That's not an unreasonable question. But so is this one:
You can run:
git write-tree
git commit-tree -p HEAD -m message <hash-from-git-write-tree>
git branch -f <current-branch> <hash-from-git-commit-tree>
This does the same thing—well, it does if there are no errors—as:
git commit -m message
so why do we have a git commit
command at all?
Here's a followup question: Which of these is easier to use?
The git clone
command is actually equivalent to running up to six commands, five of which are Git commands. The six steps involved in git clone
are:
mkdir path
, to make a new empty directory in which to run git init
. (This step is skipped in the special case in which you give git clone
the path name of an existing but empty directory, in which case it uses that.)
git init
, to create a new empty repository in the new directory.
git remote add remote url
, where remote
is from your git clone
option -o
, or is origin
if you did not specify this option, and the url
is the one you specified in the clone command.
Any additional git config
commands from options supplied to git clone
.
git fetch remote
, to obtain commits from the Git at the supplied URL.
git checkout branch
, where the branch
is the one you specified with the -b
option in your git clone
command, or a branch specified by the other Git if you did not specify a branch, or master
if the other Git does not specify any branch.
The git clone
command also handles various errors that can occur during this process that you would otherwise have to handle yourself.
The git pull
command is equivalent to running git fetch
followed by a second Git command.
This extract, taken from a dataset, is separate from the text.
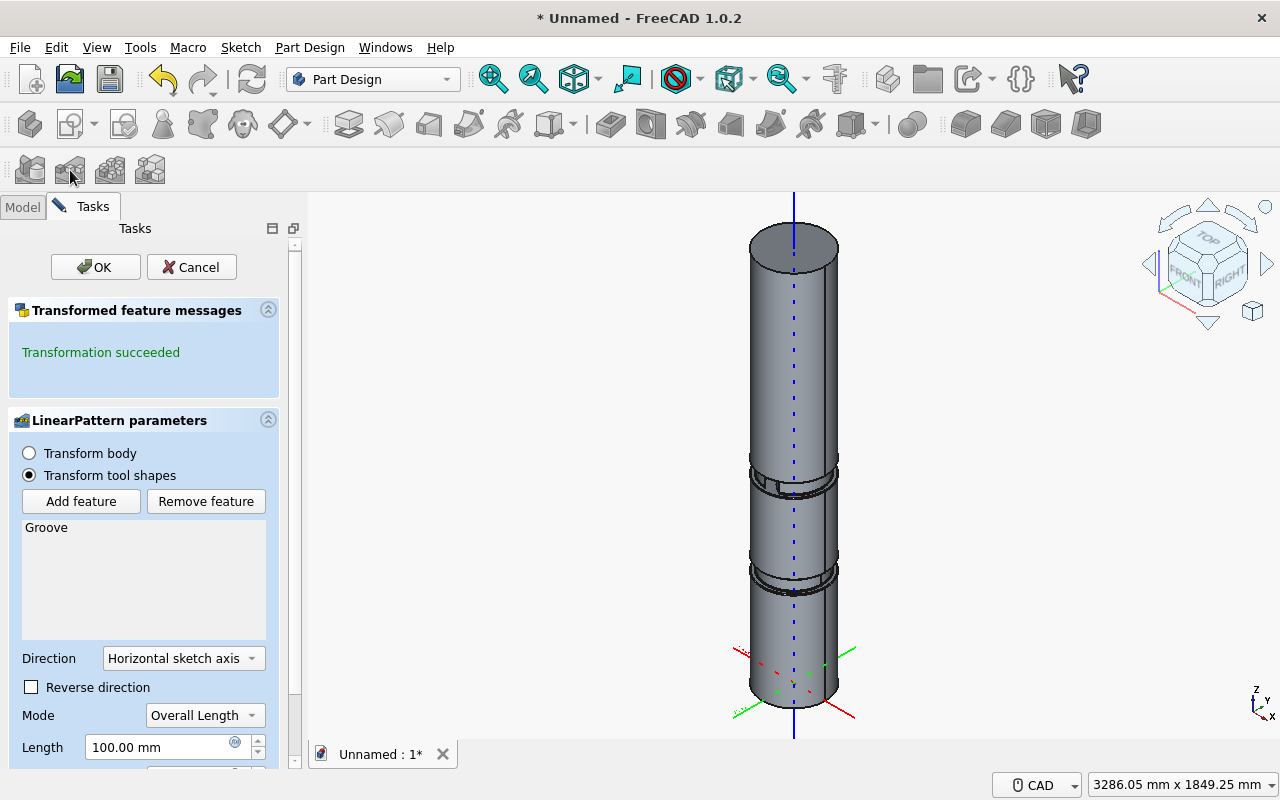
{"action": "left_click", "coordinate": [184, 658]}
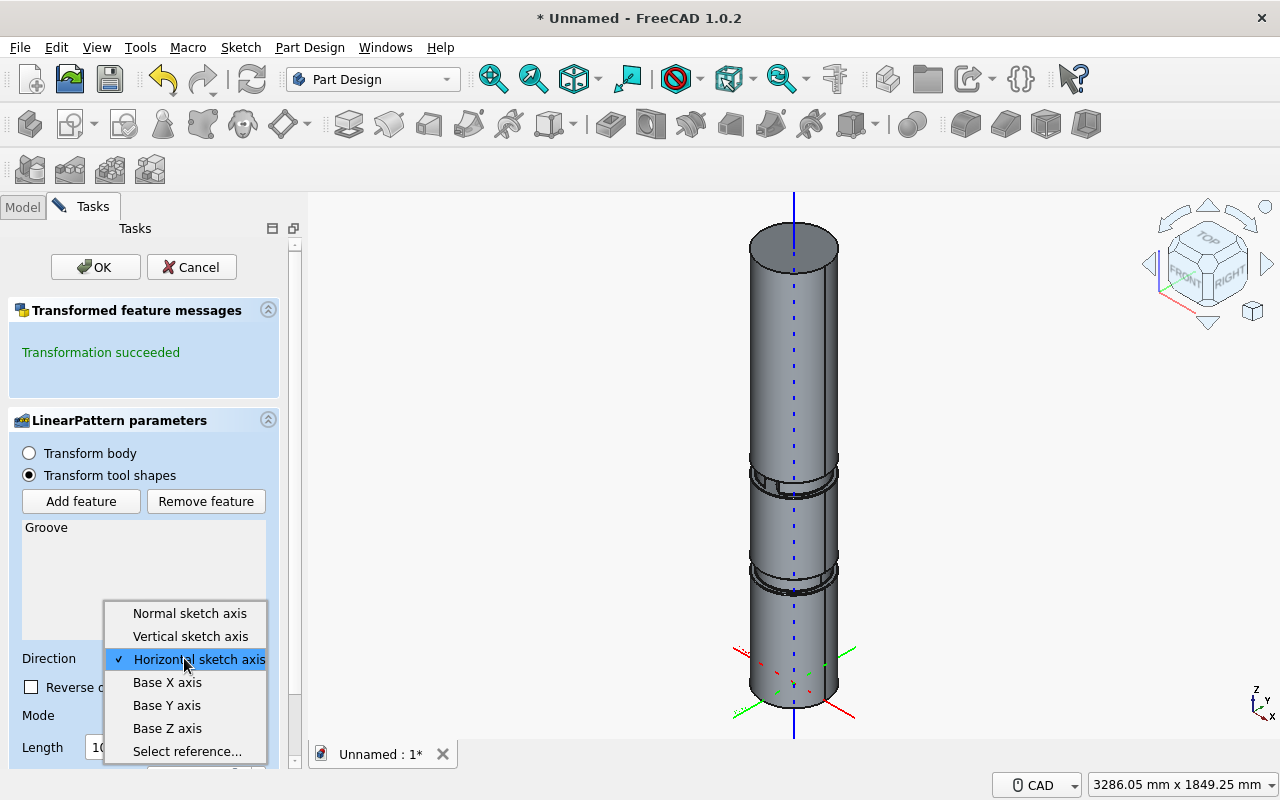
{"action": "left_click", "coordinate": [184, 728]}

That second command is usually git merge
, though you can tell Git to use git rebase
instead. But git pull
has one more special mode: when you git pull
into a completely empty repository, as you did in your question, it can run git checkout
as its second command instead of either of the other two.
Note: unlike git clone
, where it's very rare to need anything between the six steps, with git pull
it's pretty common for me to need to inspect the commits that git fetch
obtained before I run a second command. So I generally avoid git pull
entirely, because it forces me to choose the second command to run, and to run it immediately upon the completion of the fetch step, when I would like to do something else after fetch, before I choose whether to use merge, or rebase, or something else entirely.